→ **Exercise objective**: Reproduce word for word the lines between those holding "edge.add_line((1739.87, 1575.566), (1769.414, 1580.775))" and "edge.add_arc((1577.08, 2331.786), 7.5, 0, 180)", inclusive, and nothing else from the data below.

→ **The input**:
*-*-*

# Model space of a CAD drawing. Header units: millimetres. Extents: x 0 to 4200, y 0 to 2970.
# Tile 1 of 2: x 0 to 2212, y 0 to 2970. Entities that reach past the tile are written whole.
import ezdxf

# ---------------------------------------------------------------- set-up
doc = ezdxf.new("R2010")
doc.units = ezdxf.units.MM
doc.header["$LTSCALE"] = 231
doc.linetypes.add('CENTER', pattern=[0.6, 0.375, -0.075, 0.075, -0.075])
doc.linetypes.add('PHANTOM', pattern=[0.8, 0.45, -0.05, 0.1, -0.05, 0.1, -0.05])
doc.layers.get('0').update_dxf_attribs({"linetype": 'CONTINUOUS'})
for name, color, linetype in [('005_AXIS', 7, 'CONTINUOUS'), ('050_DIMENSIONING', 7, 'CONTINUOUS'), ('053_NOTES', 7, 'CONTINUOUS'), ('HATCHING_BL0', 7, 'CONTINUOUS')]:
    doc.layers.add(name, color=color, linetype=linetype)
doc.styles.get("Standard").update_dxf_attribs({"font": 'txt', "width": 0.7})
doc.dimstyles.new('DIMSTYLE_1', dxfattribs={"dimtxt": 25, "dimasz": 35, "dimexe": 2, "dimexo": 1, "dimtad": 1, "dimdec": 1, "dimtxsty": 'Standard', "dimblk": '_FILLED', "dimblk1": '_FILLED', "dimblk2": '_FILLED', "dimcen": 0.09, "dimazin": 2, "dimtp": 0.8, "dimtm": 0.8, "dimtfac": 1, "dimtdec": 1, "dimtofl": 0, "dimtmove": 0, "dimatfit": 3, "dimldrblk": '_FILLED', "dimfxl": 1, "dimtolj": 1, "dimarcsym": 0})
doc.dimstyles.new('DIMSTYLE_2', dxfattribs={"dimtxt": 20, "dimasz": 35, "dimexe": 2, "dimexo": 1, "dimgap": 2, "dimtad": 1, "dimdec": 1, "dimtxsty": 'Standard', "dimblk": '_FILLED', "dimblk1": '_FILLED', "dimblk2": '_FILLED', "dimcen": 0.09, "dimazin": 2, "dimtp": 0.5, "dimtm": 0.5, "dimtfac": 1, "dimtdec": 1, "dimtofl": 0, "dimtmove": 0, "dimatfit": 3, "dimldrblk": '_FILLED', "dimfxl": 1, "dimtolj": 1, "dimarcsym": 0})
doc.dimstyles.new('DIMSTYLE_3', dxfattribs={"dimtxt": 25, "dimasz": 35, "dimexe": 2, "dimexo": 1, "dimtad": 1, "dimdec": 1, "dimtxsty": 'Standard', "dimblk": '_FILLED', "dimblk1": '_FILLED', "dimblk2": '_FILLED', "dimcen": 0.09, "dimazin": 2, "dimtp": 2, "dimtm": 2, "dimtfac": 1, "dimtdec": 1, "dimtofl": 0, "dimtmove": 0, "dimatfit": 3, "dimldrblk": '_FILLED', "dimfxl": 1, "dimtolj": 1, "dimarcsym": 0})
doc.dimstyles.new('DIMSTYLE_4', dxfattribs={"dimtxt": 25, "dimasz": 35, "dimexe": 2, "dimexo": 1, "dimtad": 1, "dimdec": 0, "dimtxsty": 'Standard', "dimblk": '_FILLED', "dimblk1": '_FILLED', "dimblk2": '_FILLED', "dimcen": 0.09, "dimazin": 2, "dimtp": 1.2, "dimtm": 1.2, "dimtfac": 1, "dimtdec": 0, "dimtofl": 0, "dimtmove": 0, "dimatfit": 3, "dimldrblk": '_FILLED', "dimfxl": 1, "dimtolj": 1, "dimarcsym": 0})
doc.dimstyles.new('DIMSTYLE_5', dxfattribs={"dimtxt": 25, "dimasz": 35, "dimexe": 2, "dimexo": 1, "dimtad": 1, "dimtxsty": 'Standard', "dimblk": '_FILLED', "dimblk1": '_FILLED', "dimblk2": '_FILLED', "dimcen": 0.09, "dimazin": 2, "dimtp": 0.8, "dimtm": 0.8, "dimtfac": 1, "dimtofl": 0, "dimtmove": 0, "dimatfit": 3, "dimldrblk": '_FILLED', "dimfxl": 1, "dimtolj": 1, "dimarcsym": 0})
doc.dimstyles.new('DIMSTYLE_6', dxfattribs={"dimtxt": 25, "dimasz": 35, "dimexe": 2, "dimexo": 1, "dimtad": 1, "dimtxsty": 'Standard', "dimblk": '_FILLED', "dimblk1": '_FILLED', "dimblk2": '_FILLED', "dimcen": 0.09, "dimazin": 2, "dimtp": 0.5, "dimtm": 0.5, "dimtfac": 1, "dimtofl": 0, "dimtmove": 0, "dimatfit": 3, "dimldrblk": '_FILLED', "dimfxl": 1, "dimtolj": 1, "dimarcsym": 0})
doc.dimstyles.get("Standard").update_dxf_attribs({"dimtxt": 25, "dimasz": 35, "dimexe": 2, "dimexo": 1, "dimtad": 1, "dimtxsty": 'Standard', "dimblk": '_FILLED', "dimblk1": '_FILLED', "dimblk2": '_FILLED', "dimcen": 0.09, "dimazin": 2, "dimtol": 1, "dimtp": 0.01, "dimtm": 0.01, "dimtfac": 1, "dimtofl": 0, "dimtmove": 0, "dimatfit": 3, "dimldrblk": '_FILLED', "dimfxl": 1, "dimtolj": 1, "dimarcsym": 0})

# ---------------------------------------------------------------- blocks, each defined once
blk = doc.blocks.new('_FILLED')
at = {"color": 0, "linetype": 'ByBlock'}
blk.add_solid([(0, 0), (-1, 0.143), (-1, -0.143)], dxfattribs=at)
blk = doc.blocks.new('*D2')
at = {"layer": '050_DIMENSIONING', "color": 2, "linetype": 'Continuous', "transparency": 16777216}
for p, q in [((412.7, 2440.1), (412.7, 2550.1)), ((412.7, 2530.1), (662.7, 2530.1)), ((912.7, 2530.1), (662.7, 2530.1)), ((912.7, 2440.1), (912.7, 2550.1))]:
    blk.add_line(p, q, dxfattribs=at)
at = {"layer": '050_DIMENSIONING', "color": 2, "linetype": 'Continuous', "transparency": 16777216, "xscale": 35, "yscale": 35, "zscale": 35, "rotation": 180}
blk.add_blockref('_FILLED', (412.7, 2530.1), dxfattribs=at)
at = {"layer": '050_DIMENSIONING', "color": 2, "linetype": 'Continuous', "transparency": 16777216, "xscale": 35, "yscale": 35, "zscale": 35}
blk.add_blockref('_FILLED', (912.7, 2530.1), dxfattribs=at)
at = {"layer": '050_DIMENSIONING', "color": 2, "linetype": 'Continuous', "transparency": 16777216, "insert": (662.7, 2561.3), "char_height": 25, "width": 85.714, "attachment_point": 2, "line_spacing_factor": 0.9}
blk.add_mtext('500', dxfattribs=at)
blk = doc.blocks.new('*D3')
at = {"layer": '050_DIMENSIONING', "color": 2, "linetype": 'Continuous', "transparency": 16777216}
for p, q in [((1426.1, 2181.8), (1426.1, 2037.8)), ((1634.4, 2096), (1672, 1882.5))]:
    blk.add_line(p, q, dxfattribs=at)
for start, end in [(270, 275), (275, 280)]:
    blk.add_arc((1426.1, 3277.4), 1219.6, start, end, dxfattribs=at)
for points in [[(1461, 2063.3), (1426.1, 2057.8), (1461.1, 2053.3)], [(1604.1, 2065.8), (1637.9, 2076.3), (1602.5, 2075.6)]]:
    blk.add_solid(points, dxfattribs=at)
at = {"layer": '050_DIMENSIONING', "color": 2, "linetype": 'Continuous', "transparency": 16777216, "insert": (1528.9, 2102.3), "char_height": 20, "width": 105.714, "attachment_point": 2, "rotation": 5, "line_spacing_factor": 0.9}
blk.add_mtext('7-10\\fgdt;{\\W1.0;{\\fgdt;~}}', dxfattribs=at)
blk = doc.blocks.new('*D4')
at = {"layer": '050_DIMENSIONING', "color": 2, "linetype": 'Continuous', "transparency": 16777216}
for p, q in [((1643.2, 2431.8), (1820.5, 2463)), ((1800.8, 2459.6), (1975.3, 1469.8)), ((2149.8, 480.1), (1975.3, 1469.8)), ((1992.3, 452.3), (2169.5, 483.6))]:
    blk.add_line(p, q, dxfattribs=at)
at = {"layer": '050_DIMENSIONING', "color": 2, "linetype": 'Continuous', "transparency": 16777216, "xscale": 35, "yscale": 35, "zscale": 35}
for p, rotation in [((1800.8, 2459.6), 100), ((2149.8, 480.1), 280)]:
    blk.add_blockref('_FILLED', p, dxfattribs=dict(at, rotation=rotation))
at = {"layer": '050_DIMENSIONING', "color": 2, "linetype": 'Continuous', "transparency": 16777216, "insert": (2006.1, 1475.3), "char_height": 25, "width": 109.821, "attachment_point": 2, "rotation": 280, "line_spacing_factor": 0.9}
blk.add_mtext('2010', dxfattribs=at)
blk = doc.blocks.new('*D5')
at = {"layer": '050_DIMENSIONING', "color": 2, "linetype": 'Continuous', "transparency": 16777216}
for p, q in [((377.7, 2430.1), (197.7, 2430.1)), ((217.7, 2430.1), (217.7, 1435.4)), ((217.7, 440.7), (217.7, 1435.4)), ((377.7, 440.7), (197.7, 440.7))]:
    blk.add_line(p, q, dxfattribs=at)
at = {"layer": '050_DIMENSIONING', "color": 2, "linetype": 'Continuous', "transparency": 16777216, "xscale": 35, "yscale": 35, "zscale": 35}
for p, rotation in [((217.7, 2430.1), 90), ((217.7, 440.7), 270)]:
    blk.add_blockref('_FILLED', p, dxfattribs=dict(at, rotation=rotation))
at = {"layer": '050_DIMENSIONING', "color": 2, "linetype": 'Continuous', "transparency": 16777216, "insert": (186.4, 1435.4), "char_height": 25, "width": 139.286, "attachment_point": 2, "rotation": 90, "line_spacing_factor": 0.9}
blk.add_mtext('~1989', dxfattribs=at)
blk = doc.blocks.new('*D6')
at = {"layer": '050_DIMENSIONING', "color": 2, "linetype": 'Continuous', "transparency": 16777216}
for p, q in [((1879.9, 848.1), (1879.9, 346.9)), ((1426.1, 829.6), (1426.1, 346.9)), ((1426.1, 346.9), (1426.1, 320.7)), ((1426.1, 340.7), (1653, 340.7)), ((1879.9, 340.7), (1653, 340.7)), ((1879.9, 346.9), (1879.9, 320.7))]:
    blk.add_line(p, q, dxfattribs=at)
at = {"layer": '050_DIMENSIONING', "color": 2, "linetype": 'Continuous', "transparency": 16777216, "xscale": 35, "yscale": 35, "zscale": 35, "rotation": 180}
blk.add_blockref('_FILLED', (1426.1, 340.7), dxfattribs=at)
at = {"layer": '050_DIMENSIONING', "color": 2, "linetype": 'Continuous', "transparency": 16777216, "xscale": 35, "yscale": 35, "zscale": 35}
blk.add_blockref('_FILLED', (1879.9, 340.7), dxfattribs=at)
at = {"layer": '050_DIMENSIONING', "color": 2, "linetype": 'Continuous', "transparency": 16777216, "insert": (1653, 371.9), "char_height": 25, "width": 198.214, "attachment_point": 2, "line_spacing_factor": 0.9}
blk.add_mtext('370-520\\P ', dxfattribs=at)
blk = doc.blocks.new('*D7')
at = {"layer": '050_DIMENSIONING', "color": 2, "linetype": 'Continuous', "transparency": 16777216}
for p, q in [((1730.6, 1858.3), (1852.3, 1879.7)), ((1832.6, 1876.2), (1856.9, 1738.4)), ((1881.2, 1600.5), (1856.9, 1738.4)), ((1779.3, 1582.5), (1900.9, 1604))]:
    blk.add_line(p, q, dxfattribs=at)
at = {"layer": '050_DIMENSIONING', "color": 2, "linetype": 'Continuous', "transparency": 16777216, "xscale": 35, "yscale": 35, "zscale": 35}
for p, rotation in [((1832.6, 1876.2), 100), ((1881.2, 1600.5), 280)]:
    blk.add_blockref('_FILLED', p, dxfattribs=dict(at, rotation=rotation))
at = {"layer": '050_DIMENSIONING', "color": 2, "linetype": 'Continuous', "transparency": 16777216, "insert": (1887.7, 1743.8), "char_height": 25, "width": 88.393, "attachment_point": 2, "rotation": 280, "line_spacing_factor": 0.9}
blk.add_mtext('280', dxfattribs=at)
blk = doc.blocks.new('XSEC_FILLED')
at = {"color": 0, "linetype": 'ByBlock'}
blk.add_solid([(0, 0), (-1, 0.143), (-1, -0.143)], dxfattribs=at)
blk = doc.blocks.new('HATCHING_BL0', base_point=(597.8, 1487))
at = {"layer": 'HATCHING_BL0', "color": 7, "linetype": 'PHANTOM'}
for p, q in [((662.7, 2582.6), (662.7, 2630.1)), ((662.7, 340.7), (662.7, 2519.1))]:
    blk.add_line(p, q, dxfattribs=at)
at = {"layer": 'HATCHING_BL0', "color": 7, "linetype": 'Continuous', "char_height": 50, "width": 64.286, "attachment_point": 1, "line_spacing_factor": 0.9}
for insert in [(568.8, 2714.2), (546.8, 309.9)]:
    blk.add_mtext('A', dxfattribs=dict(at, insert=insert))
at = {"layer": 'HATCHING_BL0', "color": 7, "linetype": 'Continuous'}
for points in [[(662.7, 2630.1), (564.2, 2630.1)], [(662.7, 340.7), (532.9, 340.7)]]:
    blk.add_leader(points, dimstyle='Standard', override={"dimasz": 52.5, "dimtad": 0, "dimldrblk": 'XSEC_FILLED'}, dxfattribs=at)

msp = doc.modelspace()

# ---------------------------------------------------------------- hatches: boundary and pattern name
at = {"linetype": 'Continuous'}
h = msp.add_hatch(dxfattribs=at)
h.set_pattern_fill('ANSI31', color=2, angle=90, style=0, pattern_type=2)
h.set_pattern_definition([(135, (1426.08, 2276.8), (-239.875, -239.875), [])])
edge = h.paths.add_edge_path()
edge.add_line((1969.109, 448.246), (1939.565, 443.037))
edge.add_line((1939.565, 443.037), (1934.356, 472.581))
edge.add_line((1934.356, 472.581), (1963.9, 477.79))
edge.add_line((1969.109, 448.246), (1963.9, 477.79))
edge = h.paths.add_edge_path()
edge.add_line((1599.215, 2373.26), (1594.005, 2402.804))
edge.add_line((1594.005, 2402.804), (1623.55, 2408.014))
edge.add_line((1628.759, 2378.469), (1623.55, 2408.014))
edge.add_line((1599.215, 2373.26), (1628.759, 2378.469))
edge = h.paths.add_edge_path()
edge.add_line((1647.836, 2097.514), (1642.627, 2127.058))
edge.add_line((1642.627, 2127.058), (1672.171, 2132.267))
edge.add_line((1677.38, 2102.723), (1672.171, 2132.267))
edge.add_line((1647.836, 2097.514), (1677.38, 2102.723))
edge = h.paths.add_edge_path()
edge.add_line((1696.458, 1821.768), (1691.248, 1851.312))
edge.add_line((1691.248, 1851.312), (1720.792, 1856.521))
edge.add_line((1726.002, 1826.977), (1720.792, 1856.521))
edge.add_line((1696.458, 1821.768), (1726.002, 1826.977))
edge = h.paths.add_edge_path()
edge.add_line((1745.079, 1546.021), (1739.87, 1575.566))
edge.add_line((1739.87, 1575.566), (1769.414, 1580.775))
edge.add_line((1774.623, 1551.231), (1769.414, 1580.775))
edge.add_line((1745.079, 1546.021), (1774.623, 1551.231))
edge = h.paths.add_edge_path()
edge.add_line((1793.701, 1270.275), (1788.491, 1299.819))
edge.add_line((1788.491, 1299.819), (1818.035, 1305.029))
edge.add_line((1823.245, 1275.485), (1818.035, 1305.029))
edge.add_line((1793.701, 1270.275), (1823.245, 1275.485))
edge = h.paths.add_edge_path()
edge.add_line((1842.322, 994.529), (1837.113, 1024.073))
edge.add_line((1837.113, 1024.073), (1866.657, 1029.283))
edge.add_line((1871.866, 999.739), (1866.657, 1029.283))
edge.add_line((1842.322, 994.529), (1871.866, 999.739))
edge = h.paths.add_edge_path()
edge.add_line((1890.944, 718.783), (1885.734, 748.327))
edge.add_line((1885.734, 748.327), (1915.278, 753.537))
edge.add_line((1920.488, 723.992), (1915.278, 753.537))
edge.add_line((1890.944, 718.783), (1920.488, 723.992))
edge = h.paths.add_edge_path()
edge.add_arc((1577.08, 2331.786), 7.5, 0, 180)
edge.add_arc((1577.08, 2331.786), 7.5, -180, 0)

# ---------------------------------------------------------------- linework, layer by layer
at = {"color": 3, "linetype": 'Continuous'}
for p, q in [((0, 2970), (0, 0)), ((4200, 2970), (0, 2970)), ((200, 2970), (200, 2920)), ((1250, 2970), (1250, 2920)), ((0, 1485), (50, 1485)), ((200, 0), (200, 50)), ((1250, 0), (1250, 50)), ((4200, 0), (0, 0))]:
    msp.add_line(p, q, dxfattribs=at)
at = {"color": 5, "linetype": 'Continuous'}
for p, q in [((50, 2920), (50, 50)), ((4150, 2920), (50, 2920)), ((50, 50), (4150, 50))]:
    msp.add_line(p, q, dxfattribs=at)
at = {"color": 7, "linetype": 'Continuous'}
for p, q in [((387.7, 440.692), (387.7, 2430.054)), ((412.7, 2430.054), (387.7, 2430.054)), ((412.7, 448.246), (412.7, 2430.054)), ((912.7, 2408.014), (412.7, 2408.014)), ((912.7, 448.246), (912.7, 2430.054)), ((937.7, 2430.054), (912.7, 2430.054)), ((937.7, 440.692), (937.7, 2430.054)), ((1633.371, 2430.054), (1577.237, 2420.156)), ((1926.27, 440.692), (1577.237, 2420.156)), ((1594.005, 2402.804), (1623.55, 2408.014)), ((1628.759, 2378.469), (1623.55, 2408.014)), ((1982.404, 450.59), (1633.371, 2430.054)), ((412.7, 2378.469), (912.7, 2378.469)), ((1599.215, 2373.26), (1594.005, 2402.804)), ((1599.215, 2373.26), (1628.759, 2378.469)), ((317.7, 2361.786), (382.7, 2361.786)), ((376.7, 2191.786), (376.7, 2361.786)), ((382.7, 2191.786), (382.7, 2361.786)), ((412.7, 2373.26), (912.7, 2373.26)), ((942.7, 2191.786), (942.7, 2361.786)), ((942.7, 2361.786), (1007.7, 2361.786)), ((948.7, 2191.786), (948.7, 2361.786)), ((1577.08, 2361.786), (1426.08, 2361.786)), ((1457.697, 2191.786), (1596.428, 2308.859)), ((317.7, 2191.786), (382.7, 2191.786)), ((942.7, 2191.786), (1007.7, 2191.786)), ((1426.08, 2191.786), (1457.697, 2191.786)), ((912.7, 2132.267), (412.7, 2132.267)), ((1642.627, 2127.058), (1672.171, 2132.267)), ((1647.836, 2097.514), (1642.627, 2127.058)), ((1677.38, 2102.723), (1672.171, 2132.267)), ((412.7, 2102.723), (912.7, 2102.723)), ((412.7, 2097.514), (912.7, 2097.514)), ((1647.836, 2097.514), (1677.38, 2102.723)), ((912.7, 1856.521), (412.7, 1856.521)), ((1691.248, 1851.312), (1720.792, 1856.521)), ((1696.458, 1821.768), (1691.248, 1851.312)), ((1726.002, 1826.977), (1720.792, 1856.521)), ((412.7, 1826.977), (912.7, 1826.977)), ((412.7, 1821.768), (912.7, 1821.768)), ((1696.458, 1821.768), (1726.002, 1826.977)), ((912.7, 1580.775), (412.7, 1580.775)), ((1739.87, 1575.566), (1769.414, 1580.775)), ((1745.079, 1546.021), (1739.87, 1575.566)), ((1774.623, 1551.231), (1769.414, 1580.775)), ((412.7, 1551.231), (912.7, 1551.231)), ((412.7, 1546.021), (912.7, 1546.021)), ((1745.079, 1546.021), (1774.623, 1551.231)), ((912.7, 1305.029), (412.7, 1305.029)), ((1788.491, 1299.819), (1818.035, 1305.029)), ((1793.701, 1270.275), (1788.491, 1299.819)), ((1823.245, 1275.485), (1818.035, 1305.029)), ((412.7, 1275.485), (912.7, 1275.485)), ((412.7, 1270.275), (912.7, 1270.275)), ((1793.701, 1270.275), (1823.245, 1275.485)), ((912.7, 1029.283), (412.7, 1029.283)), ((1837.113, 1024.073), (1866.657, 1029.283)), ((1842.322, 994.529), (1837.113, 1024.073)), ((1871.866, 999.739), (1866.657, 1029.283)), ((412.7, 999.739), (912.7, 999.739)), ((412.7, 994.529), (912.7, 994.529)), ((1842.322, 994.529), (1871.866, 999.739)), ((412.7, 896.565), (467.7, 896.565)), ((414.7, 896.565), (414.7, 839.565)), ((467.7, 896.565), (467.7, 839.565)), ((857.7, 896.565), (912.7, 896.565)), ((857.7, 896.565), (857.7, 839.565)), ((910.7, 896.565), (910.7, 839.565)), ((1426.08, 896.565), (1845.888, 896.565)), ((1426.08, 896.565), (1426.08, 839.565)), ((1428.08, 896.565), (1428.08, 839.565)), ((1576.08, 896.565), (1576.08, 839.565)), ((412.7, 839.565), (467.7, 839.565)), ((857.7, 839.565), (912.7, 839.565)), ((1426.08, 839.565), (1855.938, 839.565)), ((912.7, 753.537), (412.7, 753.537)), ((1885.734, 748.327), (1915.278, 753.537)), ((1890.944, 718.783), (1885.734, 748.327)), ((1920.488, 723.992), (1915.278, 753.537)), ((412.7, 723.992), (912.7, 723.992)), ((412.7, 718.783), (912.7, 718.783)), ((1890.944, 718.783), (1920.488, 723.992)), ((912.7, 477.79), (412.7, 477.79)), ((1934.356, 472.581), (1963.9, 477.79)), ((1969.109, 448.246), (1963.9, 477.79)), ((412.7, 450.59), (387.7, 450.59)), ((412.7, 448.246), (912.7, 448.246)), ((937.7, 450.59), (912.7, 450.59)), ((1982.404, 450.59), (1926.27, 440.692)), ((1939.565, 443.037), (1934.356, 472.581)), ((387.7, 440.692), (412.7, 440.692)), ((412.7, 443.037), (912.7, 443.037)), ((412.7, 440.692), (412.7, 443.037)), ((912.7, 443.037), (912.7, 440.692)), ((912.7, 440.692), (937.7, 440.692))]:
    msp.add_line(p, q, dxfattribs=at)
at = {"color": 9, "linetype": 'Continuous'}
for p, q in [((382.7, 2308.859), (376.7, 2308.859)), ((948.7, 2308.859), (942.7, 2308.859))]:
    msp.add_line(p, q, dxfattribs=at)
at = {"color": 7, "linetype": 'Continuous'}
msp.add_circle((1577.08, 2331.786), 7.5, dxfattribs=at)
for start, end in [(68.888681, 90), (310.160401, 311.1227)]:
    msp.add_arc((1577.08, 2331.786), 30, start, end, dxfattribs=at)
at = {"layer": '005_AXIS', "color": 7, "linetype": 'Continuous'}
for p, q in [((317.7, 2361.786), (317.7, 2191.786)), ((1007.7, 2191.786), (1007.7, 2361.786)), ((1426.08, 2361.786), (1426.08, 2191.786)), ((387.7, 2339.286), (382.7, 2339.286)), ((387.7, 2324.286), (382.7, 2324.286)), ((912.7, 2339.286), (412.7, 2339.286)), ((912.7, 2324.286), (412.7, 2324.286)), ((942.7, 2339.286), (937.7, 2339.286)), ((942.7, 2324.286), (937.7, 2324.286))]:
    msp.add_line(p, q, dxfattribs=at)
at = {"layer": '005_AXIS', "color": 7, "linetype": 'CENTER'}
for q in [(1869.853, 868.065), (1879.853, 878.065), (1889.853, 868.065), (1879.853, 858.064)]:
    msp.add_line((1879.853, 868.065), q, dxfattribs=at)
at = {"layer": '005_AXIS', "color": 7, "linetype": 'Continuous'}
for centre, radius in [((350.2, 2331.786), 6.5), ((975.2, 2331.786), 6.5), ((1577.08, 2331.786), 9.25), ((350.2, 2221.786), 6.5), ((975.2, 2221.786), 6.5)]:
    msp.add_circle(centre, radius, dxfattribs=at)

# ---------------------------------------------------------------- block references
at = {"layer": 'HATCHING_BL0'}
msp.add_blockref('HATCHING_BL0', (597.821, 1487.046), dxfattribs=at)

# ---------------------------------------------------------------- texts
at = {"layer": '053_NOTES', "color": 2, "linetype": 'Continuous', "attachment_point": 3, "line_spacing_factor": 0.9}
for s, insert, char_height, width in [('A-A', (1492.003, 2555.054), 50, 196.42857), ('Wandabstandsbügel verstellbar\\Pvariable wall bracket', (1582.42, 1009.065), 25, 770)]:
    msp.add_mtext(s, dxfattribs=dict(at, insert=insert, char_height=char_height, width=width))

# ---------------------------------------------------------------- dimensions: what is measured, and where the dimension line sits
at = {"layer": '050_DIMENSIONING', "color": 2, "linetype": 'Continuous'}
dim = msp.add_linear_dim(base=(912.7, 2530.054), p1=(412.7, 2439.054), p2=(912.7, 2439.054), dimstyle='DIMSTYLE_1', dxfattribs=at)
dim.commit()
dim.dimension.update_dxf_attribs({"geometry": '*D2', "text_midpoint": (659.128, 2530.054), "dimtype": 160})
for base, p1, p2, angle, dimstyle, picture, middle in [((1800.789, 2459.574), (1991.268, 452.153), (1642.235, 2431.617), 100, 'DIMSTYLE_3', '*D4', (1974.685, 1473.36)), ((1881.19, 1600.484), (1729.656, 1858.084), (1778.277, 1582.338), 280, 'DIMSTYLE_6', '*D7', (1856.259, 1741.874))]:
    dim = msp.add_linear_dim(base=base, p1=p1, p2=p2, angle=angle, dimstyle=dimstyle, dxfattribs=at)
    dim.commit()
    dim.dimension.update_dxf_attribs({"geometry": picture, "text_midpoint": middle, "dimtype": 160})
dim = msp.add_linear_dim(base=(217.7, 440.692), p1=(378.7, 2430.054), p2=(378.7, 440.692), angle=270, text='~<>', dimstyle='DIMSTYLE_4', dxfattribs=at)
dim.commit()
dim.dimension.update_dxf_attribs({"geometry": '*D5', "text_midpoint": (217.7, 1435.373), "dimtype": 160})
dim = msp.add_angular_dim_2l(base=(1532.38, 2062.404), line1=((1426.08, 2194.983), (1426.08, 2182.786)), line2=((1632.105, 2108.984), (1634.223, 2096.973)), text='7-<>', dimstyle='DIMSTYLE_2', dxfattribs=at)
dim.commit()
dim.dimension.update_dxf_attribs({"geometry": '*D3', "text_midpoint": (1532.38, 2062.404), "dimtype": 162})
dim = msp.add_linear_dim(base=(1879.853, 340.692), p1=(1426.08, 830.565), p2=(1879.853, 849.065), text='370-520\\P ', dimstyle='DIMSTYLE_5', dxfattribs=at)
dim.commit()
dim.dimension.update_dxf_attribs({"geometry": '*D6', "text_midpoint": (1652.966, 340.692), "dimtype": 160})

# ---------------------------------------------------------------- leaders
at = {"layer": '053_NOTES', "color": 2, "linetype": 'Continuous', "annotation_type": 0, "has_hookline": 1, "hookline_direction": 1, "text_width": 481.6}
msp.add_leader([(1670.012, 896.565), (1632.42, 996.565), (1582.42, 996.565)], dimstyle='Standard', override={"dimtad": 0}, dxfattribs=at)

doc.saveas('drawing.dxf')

*-*-*

→ **Result**:
edge.add_line((1739.87, 1575.566), (1769.414, 1580.775))
edge.add_line((1774.623, 1551.231), (1769.414, 1580.775))
edge.add_line((1745.079, 1546.021), (1774.623, 1551.231))
edge = h.paths.add_edge_path()
edge.add_line((1793.701, 1270.275), (1788.491, 1299.819))
edge.add_line((1788.491, 1299.819), (1818.035, 1305.029))
edge.add_line((1823.245, 1275.485), (1818.035, 1305.029))
edge.add_line((1793.701, 1270.275), (1823.245, 1275.485))
edge = h.paths.add_edge_path()
edge.add_line((1842.322, 994.529), (1837.113, 1024.073))
edge.add_line((1837.113, 1024.073), (1866.657, 1029.283))
edge.add_line((1871.866, 999.739), (1866.657, 1029.283))
edge.add_line((1842.322, 994.529), (1871.866, 999.739))
edge = h.paths.add_edge_path()
edge.add_line((1890.944, 718.783), (1885.734, 748.327))
edge.add_line((1885.734, 748.327), (1915.278, 753.537))
edge.add_line((1920.488, 723.992), (1915.278, 753.537))
edge.add_line((1890.944, 718.783), (1920.488, 723.992))
edge = h.paths.add_edge_path()
edge.add_arc((1577.08, 2331.786), 7.5, 0, 180)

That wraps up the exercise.